Paper detail

A Bayesian response-adaptive dose finding and comparative effectiveness trial

Aims: Combinations of treatments can offer additional benefit over the treatments individually. However, trials of these combinations are lower priority than the development of novel therapies, which can restrict funding, timelines and patient availability. This paper develops a novel trial design to facilitate the evaluation of novel combination therapies that combines elements of phase II and phase III trials. Methods: This trial uses response adaptive randomisation to increase the information collected about successful novel drug combinations and Bayesian dose-response modelling to undertake a comparative-effectiveness analysis for the most successful dose combination against a relevant comparator. We used simulation methods to evaluate the probability of selecting the correct optimal dose combination, the operating characteristics and predictive power of this design for a trial in pain management and sedation in paediatric emergency departments. Results: With 410 participants, 5 interim updates of the randomisation ratio and a probability of effectiveness of 0.93, 0.88 and 0.83 for the three dose combinations, we have an 83% chance of randomising the largest number of patients to the drug with the highest probability of effectiveness.

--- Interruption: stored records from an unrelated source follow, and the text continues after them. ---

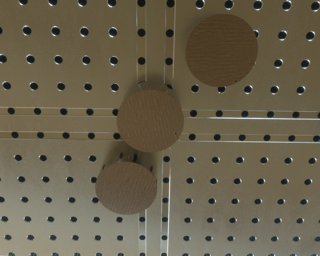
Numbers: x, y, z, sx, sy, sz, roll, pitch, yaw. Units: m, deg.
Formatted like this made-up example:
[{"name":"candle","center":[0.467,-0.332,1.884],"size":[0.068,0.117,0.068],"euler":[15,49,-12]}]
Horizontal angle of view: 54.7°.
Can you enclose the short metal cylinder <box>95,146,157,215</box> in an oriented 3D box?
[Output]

Based on this adaptive randomisation procedure, the comparative effectiveness analysis has a type I error of less than 5% and a 93% chance of correctly concluding non-inferiority when the probability of effectiveness for the optimal combination therapy is 0.9. In this case, the trial has a 77% chance of meeting its dual aims of dose finding and comparative effectiveness. Finally, the Bayesian predictive power of the trial is over 90%. Conclusion: The proposed trial has high potential to meet the dual study objectives within a feasible level of recruitment, minimising the administrative burden and recruitment time for a trial.